We still have two months until the end of 2019, but some audiences are already thinking about the past year of television that has hit the airwaves. With the television world arguably being more saturated than ever, audiences have had no shortage of new and returning programs to check out -- and according to a new report, the past year of shows have crossed a new milestone in LGBTQ representation. GLAAD, the world's largest LGBTQ media advocacy organization, recently released its annual "Where We Are on TV" report, which outlines the statistics of diversity across network, cable, and streaming television from the past year. According to their report, the number of LGBTQ series regulars across broadcast television series is at an all-time high of 90, with those characters making up 10.2% of all series regulars. For the first time in the report's history, there are also more LGBTQ women than men in regular and recurring roles on broadcast television.
The report highlights The CW's programming, with LGBTQ characters making up 15.4% of all series regular characters on the network. In addition to LGBTQ representation on Legends of Tomorrow, Supergirl, and Black Lightning, the report mentions Batwoman "making history this fall with the first lesbian superhero title character, as out actress Ruby Rose picks up the cape of Kate Kane/ Batwoman." It also highlights Supergirl's Nia Nal/Dreamer (Nicole Maines), who suited up earlier this year as television's first transgender superhero.

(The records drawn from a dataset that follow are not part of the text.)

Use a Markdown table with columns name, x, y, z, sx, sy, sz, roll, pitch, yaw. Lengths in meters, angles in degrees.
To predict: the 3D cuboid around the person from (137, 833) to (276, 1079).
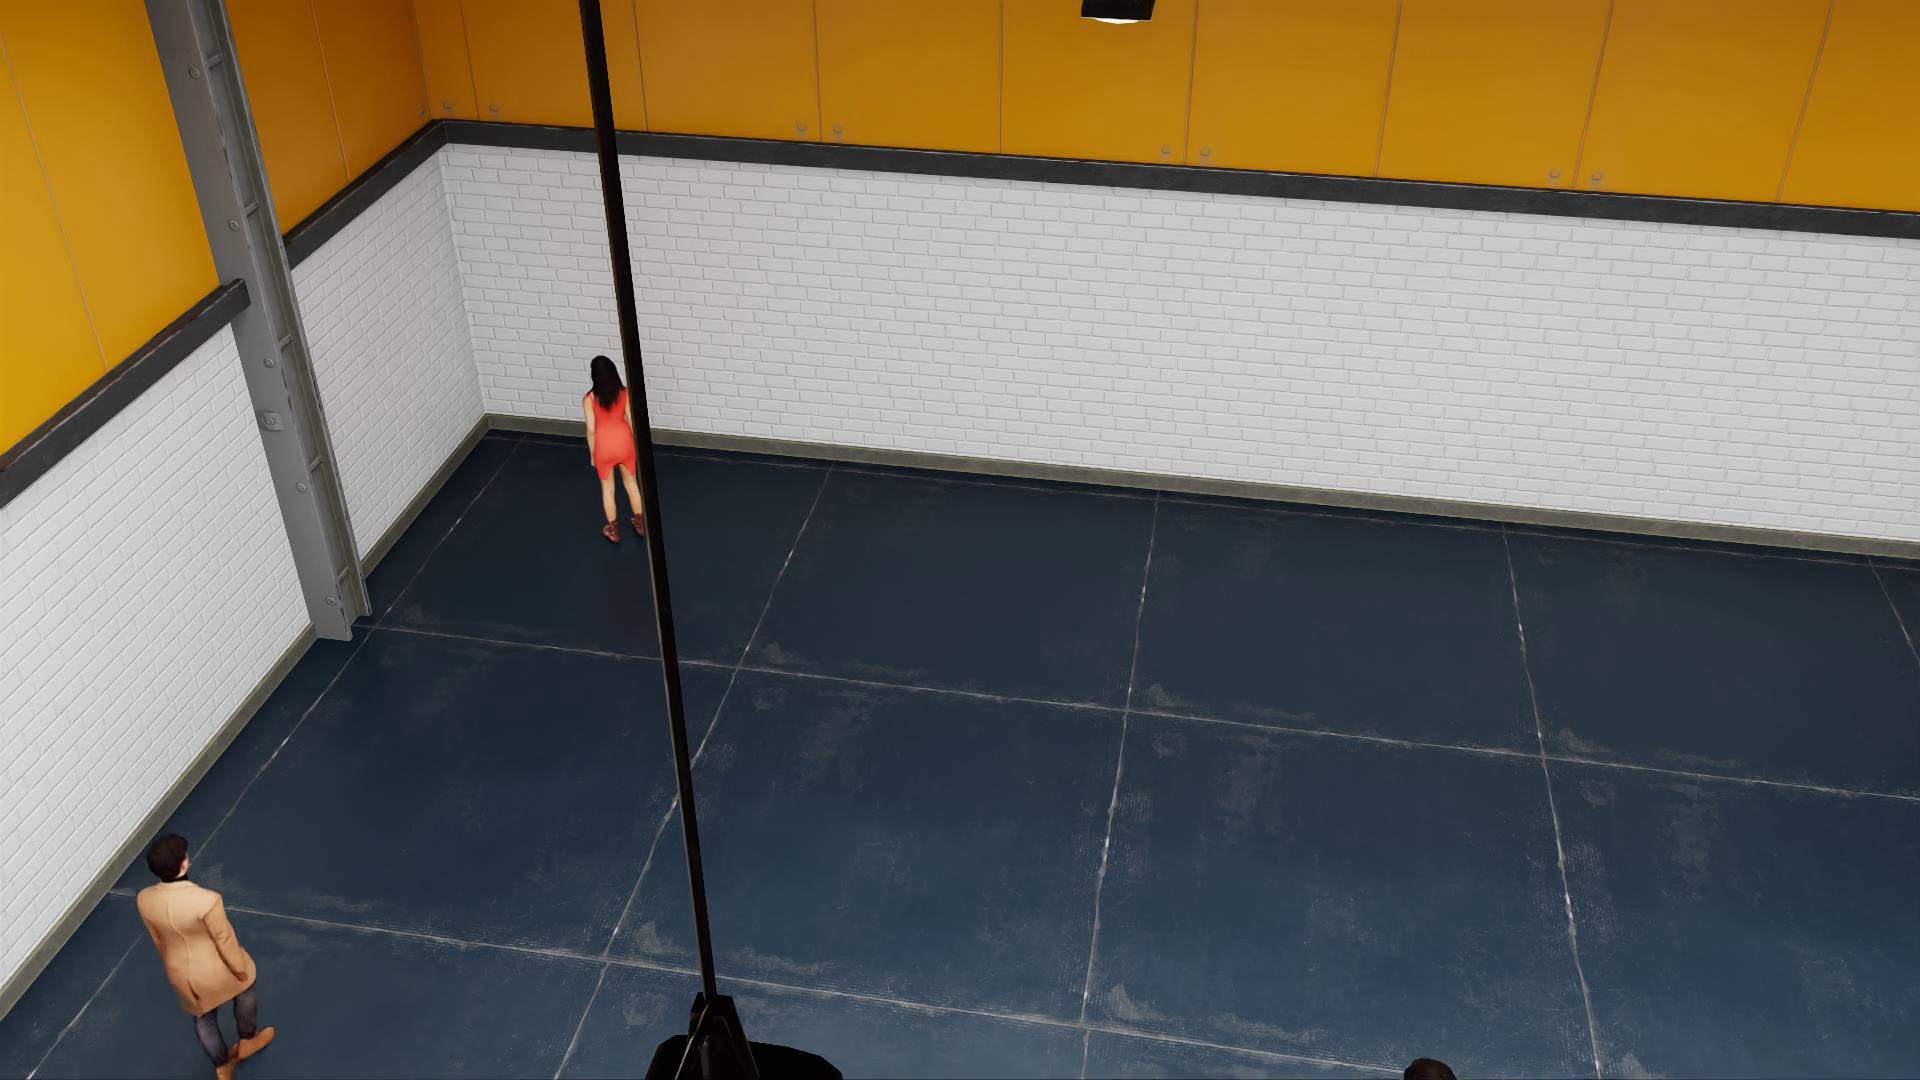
| name | x | y | z | sx | sy | sz | roll | pitch | yaw |
| --- | --- | --- | --- | --- | --- | --- | --- | --- | --- |
| person | -4.223 | 2.384 | 9.173 | 0.717 | 1.713 | 0.731 | 0 | 34 | 1 |

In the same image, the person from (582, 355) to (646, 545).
| name | x | y | z | sx | sy | sz | roll | pitch | yaw |
| --- | --- | --- | --- | --- | --- | --- | --- | --- | --- |
| person | -2.889 | -0.757 | 13.895 | 0.648 | 1.717 | 0.684 | -16 | 37 | -23 |

"I mean, setting out to cast trans actors in trans roles is so important," Maines told ComicBook.com earlier this year. "Now seeing Nia suited up as Dreamer has been like, 'We did it.' This is what we can do. It just makes it so much more meaningful and so much more like ... I've seen so many folks on social media be like ... It's really weird. People are like, 'Wow.' People assume, without knowing me, they hired a cis actress to play a trans role. They're like, 'Well, this is great, but I wish they'd have hired a trans actress.' Someone comes in and they're like, 'Um, they did.' They’re like, 'What?' I'm like, 'Hey kids.'"
"Being able to put your two cents in there. Being able to be political and to stick up for minority and marginalized people, while doing something that you love, while making entertainment, feels really, really great," Maines added. "Being able to go to work every day and be like, 'I am making a difference. I am adding to the conversation.' That feels really good. When you're having a bad day and you're like, 'You know, but this show means so much to so many people," Then, seeing every time something happens on TV and how people react to it on social media. That's like, 'Wow, this is a tangible difference.'"
The report also cites ABC's Stumptown, which is inspired by the comic book series of the same name, as another new series with a queer leading character. The series follows Dex (Cobie Smulders), a bisexual veteran and private investigator in Portland, Oregon. The report praises the show's representation of Dex's PTSD, which makes her "one of only a handful of LGBTQ characters with a disability on broadcast" television.